After the Obama administration agreed to fix a legislative conflict that would have forced congressional staffers off their current health care coverage and into the Affordable Care Act exchanges, the right-wing media accused President Obama of "exempting" Congress from the law. On Fox News' America's Newsroom, co-host Bill Hemmer claimed Obama "personally intervened to make sure that members of Congress and their staffers will not have to live with Obamacare," later saying the decision "is like the oligarchs." Fox contributor Monica Crowley said the decision "is like the whims of a dictatorship." A Wall Street Journal editorial claimed the decision suggests "illegal dispensations for the ruling class, different rules for the hoi polloi."
But the decision fixed a problem that would have treated congressional employees differently from all other Americans. In the Health Affairs blog, health care expert Timothy Jost explained that "Far from exempting Congress from ACA requirements, as some have reported, the amendment subjects members to a legal requirement that will apply to no other Americans":
The exchanges are only open to individuals and small employers. No large employers participate in the exchange, at least not yet. There is no provision, therefore for large employers, including the largest -- the United States government -- to pay for exchange coverage. Members of Congress and their staff will generally not be qualified for premium tax credits because they will have income above 400 percent of poverty. Requiring them to pay for coverage out of pocket in after-tax dollars would be unfair and would also make these jobs very unattractive.

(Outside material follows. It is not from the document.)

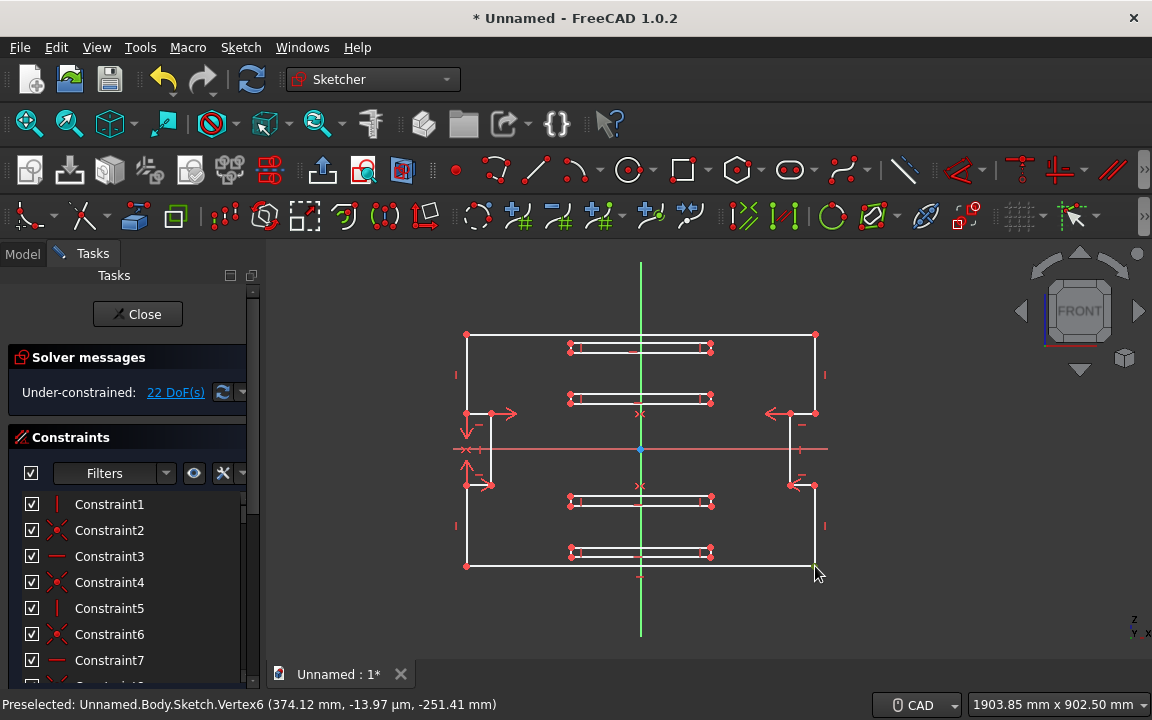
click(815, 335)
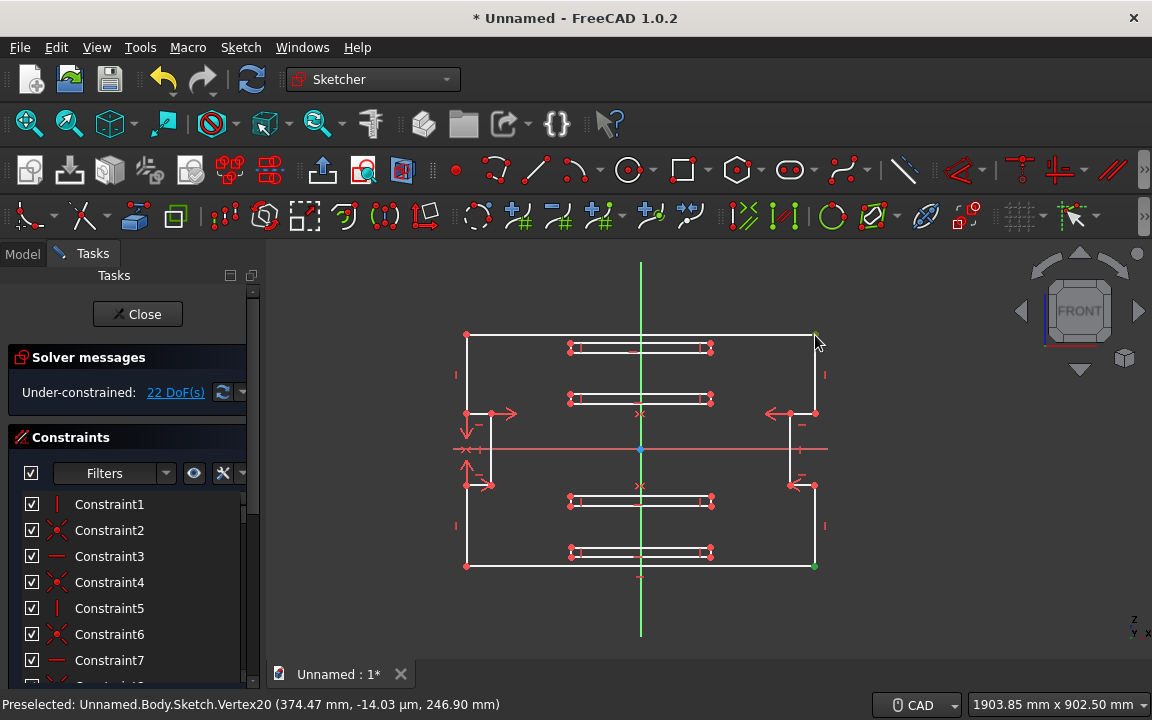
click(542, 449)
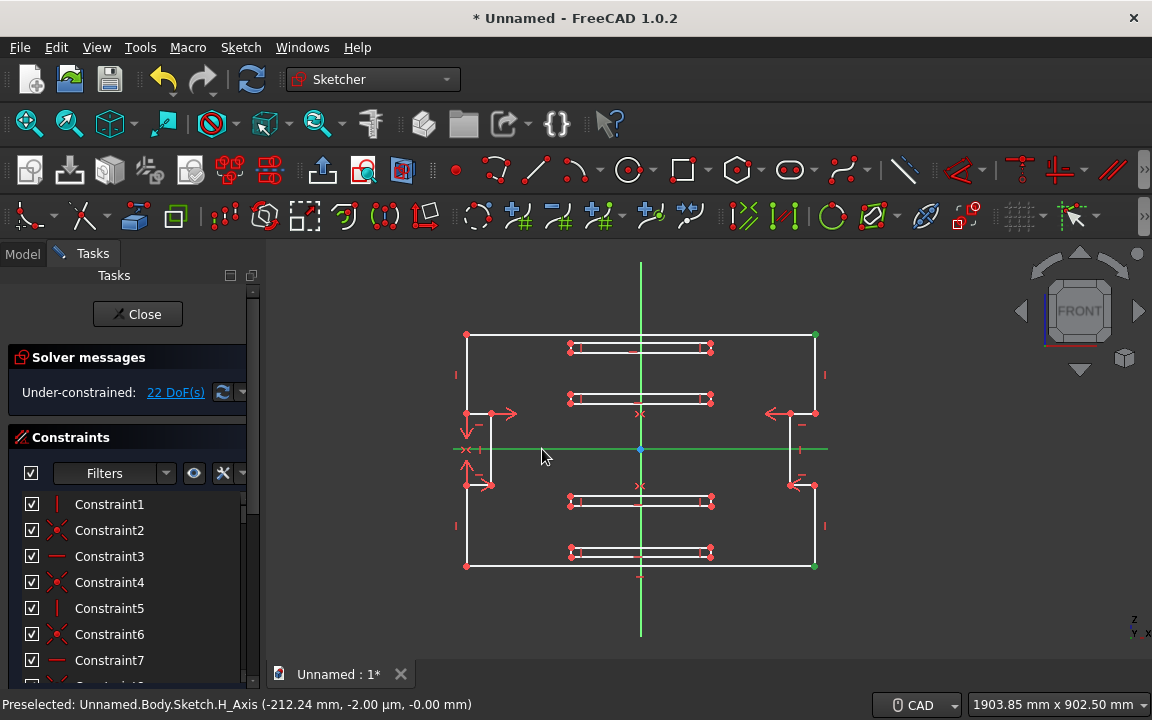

In The Washington Post's Wonkblog, Ezra Klein pointed out that, while the media's use of the word "exemption" made it seem as though Congress was creating a unique legislative situation for themselves, "Obamacare would apply to members of Congress and their staffs in the exact same way it applies to employees of The Washington Post, or Politico, or GE, or any other large employer. They wouldn't be any more exempt from the law than I am."
Jost's post also explained why the legislative fix was necessary. Because the exchanges were meant to provide access to health care for individuals and small businesses, Congress would have no way to pay for their employees' coverage through the law, and because staffers' salaries are generally above the limit for premium subsidies, they would not receive a tax credit to help pay for coverage, essentially creating a unique situation in which staffers would have to pay the full price of their insurance for no reason:
The intent of Congress as to how coverage would be paid for was clear all along, as demonstrated by a 2010 Congressional Research Service report . Congressional coverage would be paid for in the same way coverage for other federal employees is funded -- through the federal Office of Personnel Management. The ACA requires the federal government to "make available" exchange coverage to Congress, and Senator Grassley stated at the time he offered his amendment that its intent was "to require that Members of Congress and congressional staff get their employer-based health insurance through the same exchanges as ... constituents." It was only a matter of time until OPM clarified this.